VTRAC Automotive Group geht neue Wege im Fahrzeug-Export/Import

(lifePR) (Bremerhaven, ) Regale Dan Dixon und Volkhard Jürgens von VTRAC mit einer Horrorstory beim Export von Autos, die noch nicht einmal zu den schlimmsten gehört. Dixon, Chief Operating Officer der Firma VTRAC Automotive in Kalifornien, hat im Laufe seiner Karriere als internationaler Automobilgroßhändler schon viele solcher Geschichten gehört. Die Verbesserung des Exportverlaufs verlangt Fachwissen, Kompetenz und die Verpflichtung zur Transparenz, auf die Dixon und Jürgens, der geschäftsführende Partner, viel Wert legen. Auch die Mitarbeiter von VTRAC können diese Eigenschaften vorweisen. Im Folgenden erklären Dixon und Jürgens wie VTRAC einen Nischenmarkt bedient und in der weltweiten Automobilindustrie Ergebnisse verbessert.

In welchem Bereich ist VTRAC genau tätig?

Dan Dixon: VTRAC ist ein marktführendes Unternehmen, das in den USA als Automobilhändler mit Rundum-Service und Prüfgesellschaft tätig ist. Wir sind Mitglied der North American Automobile Trade Association und arbeiten mit anderen unabhängigen Automobilhändlern zusammen, mit dem Ziel, Autos aus Nordamerika zu exportieren. Seit über acht Jahren arbeiten wir nun mit diesem Servicespektrum, wobei unsere Schwestergesellschaften bereits seit über 30 Jahren bestehen.

Meine Partner und ich können gemeinsam über 100 Jahre Erfahrung in der Automobilindustrie vorweisen und beschäftigen Angestellte in Kalifornien, Irland und Deutschland.

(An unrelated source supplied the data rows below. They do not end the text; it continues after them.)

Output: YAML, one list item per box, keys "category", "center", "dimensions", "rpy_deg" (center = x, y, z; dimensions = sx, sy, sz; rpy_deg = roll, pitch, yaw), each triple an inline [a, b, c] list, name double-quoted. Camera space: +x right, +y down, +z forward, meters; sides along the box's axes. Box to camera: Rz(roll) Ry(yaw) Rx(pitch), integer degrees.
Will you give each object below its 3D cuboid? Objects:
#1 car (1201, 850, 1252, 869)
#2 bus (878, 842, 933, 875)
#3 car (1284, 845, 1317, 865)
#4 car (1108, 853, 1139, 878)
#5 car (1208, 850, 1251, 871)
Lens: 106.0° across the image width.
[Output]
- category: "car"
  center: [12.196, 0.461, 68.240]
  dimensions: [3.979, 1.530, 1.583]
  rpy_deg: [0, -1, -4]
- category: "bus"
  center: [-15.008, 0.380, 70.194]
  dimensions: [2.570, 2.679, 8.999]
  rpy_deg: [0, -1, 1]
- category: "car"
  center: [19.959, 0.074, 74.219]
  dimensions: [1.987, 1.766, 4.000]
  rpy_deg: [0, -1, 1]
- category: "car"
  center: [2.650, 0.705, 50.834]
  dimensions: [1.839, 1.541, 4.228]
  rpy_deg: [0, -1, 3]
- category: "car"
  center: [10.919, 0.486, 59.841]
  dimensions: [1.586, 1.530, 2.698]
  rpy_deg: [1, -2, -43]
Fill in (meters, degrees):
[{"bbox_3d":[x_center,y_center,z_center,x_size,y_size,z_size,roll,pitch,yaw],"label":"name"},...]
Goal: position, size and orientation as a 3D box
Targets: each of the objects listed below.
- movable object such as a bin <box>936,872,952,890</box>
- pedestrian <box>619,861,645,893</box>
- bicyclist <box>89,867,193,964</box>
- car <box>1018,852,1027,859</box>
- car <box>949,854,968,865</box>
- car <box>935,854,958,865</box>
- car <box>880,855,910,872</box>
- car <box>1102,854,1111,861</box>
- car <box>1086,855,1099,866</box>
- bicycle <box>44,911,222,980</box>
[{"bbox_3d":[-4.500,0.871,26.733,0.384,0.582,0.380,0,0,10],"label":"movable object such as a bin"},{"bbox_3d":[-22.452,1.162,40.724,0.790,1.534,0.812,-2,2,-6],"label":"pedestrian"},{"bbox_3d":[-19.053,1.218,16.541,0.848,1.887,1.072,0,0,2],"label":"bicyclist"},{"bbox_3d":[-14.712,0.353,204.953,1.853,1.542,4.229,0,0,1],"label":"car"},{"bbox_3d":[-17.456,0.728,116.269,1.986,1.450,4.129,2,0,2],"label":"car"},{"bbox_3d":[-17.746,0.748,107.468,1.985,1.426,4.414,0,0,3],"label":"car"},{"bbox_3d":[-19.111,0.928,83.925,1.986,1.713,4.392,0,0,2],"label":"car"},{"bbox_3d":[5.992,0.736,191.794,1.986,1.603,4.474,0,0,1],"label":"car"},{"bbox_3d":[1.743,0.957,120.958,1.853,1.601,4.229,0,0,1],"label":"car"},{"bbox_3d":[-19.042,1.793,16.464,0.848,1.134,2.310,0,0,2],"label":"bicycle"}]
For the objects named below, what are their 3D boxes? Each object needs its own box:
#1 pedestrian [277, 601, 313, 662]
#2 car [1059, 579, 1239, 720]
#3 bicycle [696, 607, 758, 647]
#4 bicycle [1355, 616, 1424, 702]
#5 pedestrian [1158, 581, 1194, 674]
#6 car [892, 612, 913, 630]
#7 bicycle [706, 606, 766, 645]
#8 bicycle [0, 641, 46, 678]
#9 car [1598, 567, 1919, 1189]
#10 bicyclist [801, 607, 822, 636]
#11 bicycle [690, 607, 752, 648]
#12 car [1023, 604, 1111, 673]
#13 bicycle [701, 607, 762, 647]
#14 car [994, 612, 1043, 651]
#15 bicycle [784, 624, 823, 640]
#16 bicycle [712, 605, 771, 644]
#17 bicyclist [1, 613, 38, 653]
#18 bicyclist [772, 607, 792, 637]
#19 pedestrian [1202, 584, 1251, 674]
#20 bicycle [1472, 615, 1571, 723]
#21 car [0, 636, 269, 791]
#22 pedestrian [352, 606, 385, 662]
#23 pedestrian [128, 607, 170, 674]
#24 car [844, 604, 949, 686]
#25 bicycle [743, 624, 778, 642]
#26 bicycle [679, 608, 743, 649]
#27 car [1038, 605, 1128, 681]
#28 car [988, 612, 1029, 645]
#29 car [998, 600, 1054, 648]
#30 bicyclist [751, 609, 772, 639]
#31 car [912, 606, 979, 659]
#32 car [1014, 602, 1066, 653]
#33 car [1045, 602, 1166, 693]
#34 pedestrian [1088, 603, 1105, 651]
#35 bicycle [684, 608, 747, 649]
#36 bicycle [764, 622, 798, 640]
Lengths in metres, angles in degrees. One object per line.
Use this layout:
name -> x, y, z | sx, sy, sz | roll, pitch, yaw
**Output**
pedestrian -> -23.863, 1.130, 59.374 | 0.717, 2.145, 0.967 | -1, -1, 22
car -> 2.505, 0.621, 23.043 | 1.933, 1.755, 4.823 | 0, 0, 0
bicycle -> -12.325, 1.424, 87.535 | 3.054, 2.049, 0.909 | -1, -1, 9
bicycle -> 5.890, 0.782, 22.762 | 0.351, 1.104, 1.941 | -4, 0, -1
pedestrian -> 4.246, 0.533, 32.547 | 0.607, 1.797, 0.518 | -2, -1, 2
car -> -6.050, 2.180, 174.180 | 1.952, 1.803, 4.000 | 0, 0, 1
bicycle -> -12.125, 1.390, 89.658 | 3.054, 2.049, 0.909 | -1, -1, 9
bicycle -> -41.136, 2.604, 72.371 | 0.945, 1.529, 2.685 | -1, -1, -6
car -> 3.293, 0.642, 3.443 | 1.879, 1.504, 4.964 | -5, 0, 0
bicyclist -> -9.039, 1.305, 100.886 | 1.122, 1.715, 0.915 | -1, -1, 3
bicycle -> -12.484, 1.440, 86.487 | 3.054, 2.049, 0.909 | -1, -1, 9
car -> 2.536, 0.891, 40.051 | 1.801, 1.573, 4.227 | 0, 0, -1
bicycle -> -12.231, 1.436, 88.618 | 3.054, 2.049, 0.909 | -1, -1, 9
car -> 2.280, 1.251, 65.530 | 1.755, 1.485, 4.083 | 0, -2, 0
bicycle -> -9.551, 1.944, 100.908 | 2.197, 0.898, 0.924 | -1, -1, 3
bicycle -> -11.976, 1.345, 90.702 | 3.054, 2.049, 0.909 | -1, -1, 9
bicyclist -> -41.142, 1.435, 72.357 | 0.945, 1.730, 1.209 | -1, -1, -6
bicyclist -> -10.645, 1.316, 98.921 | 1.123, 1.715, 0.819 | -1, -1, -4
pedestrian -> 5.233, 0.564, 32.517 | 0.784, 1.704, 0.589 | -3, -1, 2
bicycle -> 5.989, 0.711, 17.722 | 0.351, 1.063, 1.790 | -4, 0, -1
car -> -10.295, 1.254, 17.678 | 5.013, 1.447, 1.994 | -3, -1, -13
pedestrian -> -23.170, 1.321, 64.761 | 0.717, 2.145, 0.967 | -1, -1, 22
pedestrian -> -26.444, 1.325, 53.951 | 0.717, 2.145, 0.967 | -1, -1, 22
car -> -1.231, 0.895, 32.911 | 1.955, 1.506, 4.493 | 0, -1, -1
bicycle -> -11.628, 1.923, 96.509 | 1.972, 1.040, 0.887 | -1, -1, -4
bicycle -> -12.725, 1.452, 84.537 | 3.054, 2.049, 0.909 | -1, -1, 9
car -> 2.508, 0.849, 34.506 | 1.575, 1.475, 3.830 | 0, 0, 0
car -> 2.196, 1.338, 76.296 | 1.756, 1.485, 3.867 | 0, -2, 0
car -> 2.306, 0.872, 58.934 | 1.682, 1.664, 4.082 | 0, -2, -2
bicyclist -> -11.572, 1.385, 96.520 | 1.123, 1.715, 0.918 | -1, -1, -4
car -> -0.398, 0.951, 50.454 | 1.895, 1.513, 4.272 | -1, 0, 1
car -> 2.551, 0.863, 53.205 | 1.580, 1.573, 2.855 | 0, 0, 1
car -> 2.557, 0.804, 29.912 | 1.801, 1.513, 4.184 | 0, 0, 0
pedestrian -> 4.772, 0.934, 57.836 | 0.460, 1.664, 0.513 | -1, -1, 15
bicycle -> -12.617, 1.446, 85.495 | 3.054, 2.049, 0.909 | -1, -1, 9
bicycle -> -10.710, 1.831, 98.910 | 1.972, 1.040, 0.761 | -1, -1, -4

Volkhard Jürgens: VTRAC ermöglicht die Abwicklung von Automotive-Geschäften, ganz gleich ob das Fahrzeug für kommerzielle oder private Zwecke genutzt wird. Nehmen wir an, der Kunde möchte das Produkt als kommerzielles Hebekranfahrzeug nutzen. Wir übernehmen in diesem Fall die Umrüstung des Fahrzeugs, setzen die Vorgaben des Kunden bis ins kleinste Detail um und kümmern uns um die Zulassungsvoraussetzungen. Das Ganze nennt sich auch "Vorbereitung des Fahrzeugs zur Erfüllung der gesetzlichen Bestimmungen". Wir übernehmen auch kundenspezifische Anpassungsarbeiten an Fahrzeugen. Wir nehmen zum Beispiel einen Ford F150 Pickup Truck und gestalten das gesamte Fahrzeugdesign um, sodass das Auto als Sport Truck eingesetzt werden kann. Egal welchen Aufgaben wir uns stellen, unser Ziel ist es, dem Kunden ein einzigartiges Fahrgefühl zu vermitteln, das ihm kein anderer bieten kann.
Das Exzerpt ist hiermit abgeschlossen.